We can figure out when did branch off the openacs CVS and figure out which packages we can upgrade via APM and which might need special attention/handling (forums will, I think).
Do we really have to go through rebuilding the whole OS installation? I didn't think that was necessary.I'd rather not do it, but I do think it's necessary.
One of the two drives on this machine is slow to spin up, which means it probably has a bad bearing. It has a hot-swap backplane that can hold 4 drives but it only has 2 in right now. Drive diagnosics don't report any problems with the drives so I'd have a 50% chance of selecting the right drive to swap out.
I'd rather not gamble and replace both drives with 4 good ones. I'd reconfigure the RAID from a straight mirror of the two drives to a RAID 5 stripe over all 4. This will give us 50-GB of disk space without us having to spend any money since I have a supply of 18-GB drives I've swapped out of some of our servers when I upgraded them to larger units.

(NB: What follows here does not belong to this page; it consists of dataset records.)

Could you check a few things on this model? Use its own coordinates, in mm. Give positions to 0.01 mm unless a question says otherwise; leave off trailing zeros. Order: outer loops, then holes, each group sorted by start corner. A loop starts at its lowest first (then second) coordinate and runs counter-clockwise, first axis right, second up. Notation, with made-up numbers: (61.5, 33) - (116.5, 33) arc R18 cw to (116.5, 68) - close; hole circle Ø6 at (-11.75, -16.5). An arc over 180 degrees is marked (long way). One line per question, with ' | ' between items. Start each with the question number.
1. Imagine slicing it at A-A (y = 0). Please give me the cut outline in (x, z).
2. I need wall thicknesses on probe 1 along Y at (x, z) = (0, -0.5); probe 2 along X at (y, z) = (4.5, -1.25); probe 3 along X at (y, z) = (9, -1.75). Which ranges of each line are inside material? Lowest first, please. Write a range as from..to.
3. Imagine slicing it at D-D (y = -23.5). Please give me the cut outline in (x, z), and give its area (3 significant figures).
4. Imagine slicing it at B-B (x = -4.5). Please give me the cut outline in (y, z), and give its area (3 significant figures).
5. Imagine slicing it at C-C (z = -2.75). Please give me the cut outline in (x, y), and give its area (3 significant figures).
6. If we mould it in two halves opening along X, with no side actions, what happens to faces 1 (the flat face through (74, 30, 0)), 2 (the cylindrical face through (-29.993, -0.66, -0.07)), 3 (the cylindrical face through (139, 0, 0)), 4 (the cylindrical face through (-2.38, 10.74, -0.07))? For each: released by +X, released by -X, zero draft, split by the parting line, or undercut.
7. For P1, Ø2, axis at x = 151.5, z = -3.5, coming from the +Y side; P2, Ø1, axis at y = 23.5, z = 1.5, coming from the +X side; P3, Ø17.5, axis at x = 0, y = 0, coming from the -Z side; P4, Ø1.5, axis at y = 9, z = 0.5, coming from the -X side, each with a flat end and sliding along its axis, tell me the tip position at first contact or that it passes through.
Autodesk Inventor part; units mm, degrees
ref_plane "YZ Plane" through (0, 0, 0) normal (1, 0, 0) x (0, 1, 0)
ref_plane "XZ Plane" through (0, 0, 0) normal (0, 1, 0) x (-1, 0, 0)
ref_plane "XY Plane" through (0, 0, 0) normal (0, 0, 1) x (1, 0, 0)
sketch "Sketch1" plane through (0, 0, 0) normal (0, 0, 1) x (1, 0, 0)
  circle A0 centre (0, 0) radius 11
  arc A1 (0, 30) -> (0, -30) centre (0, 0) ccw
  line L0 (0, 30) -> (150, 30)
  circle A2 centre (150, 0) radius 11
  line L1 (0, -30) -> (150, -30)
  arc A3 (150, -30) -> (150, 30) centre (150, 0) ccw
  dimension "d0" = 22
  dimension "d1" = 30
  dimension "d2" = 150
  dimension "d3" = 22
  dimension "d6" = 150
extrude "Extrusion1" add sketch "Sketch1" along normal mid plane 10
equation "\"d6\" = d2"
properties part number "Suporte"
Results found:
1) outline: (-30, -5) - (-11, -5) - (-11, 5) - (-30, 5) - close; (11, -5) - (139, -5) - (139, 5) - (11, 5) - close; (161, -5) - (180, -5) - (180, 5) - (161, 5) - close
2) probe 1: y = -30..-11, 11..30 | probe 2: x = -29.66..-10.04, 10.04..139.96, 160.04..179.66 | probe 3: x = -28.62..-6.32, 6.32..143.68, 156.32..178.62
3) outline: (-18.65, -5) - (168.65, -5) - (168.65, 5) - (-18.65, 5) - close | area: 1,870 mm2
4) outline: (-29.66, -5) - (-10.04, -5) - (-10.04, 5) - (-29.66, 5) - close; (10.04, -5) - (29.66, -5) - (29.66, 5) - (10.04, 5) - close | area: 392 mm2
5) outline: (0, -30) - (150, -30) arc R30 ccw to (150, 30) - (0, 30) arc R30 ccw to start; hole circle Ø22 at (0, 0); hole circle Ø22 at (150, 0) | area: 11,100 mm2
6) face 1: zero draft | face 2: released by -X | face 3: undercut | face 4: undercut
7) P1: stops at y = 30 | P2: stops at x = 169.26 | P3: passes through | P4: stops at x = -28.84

Drives for these machines ain't cheap; these are SCSI3 drives with SCA backplane connectors.
I can also use this opportunity to remove the Windows partition Dell sticks on all their servers from the factory to run their mostly-worthless diagnostics.
If it were my job to do, I would do it the same way. In fact, I have done migrations on RAID the same way, keeping one of the mirrors for archives and for an emergency "everything else broke" reboot/recovery disk.
The only thing I would recommend is that a specific time that is convenient to Mike be scheduled well ahead of time, with a prominent notice on the web page and a post made to all forums (so that everybody who gets notifications can be notified even if they don't visit the site regularly). Then we all know to expect the downtime, which will probably be several hours even if everything goes perfectly.
From reading his post, I am quite comfortable with his ability to perform this.
On another issue, I am of the opinion (having sysadminned for 15 years) that there be at most three people with administrative rights. These three people need to be in physically separate areas. These three people need root, either directly or via sudo. These three people need to be able to work well together and be able to agree on sysadmin style, etc. If Mike just wants to be the physical machine's admin, then I suggest that at most three core team members (or core team designees) have root access rights.
More 'cooks' than that is a recipe for trouble. No, I don't want it, either . I have root on too many machines already....
For specific admin access, others could be members of groups with access to directories and files for specific uses. But more than three roots can easily cause trouble.